Mathematician Cathy O'Neil holds a Ph.D. in number theory from Harvard, and she taught at Barnard for years before leaving to work in finance. She took a job at the hedge fund D.E. Shaw in June 2007 but left the field soon after, embarrassed by the role bankers had played in the housing collapse. In 2011, she rebranded herself as a data scientist and went looking for a place where she could do math and feel good about it.
Before long, O'Neil landed a spot at an e-commerce startup, developing models to anticipate the behavior of visitors to travel websites. There, she was struck by the parallels she found between data science and the financial system that had just decimated the U.S. economy. "A false sense of security was leading to widespread use of imperfect models, self-serving definitions of success, and growing feedback loops," she writes in her new book, Weapons of Math Destruction: How Big Data Increases Inequality and Threatens Democracy.
Weapons of Math Destruction was nominated for a 2016 National Book Award. Lately, I've been recommending it to everyone I know, as both a key to understanding the present and a tool to ward off an increasingly dystopian-seeming future.
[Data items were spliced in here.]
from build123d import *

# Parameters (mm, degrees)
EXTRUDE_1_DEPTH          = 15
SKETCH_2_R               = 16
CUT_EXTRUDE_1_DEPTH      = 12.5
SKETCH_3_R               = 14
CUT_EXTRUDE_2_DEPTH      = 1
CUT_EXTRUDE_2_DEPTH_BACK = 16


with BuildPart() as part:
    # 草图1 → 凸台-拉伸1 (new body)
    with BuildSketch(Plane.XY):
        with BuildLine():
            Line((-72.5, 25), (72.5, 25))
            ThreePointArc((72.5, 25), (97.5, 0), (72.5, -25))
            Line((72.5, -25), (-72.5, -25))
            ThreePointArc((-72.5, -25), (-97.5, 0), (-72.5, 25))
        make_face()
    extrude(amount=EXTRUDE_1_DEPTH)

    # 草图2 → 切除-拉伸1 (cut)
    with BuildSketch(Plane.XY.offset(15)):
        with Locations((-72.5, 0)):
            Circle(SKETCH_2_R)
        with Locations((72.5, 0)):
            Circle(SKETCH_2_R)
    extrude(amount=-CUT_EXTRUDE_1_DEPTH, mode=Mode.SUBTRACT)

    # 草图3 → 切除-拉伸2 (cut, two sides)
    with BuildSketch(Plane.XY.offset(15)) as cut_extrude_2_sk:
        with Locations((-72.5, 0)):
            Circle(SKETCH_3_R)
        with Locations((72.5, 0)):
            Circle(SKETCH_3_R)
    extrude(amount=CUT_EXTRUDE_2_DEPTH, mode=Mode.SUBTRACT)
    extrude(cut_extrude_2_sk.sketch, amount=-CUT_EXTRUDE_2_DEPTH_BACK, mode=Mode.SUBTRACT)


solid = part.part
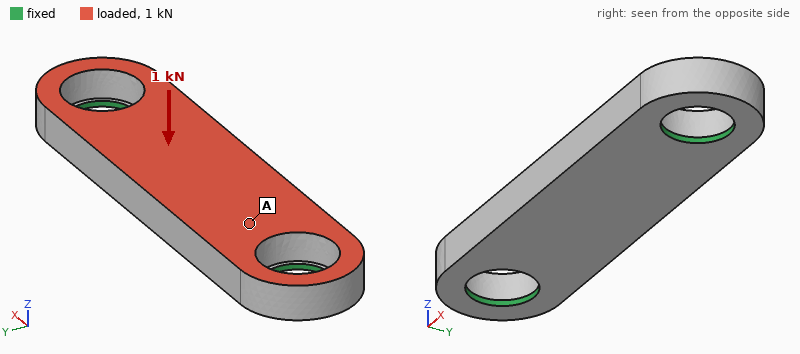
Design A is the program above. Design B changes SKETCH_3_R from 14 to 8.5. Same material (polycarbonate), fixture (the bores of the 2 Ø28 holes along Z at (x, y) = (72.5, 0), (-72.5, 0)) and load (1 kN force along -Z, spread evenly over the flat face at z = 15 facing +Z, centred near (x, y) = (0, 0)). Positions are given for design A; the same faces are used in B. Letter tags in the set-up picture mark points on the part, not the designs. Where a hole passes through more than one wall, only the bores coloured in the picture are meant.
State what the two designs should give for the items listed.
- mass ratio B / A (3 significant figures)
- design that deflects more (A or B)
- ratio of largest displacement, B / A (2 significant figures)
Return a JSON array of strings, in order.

["1.02", "B", "2.2"]
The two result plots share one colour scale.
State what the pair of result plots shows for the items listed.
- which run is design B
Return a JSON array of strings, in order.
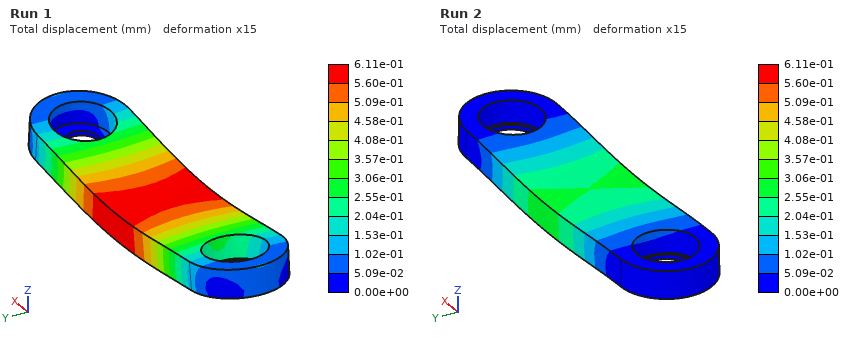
["Run 1"]

Sarah LaBrie : What is big data?
Cathy O'Neil : Big data means different things to different people. For the sake of the book, I meant it as the marketing campaign around the newfangled uses for data. It's a promise, and it's a hope. The promise is that once you have big-data algorithms, they are inherently fair and objective, and they are better than human beings at being fair. That's something that isn't always explicitly stated.
Then there's the hope, which is also often not stated, that we don't need the actual data around the thing we're trying to predict, that it's good enough to use proxies for that thing.
SL : What is a weapon of math destruction?
CO : A weapon of math destruction is an algorithm that is important but secret at the same time, and also destroys people's lives. It's being used for important decisions, and it's being used unfairly so that people's lives get ruined, or at least they get injured.
An example that really got my attention early on was the teacher value-added model. You had teachers whose jobs were on the line through secret teacher assessments that no one could explain to them and that were statistically flawed, so the scores were inconsistent. I found a teacher who scored a six out of 100 one year, and a 96 out of 100 the next year, without changing his methodology of teaching. When teachers tried to appeal their scores, they were told the scores were too mathematically complicated for them to understand. They were told, "You're not expert enough to question this."
SL : You write about how poisonous assumptions can be camouflaged by big data algorithms. Can you talk more about that?
CO : Data is a digital echo of culture. If we consistently arrest blacks for smoking pot at four times the rate we arrest whites for smoking pot, even though whites and blacks smoke pot at the same rate, the data reflects that bias. We have many more arrest records for blacks under the crime of smoking pot than for whites. What we don't acknowledge is that we haven't successfully measured crime.
When we use these arrest records as if they're a good proxy for the actual thing we're trying to measure, then we end up developing tools like predictive policing, which looks for locations of arrests and sends police back to those same places looking for more crime. Considering our history of overpolicing poor black neighborhoods, it's really a pseudoscientific justification for continuing uneven policing practices.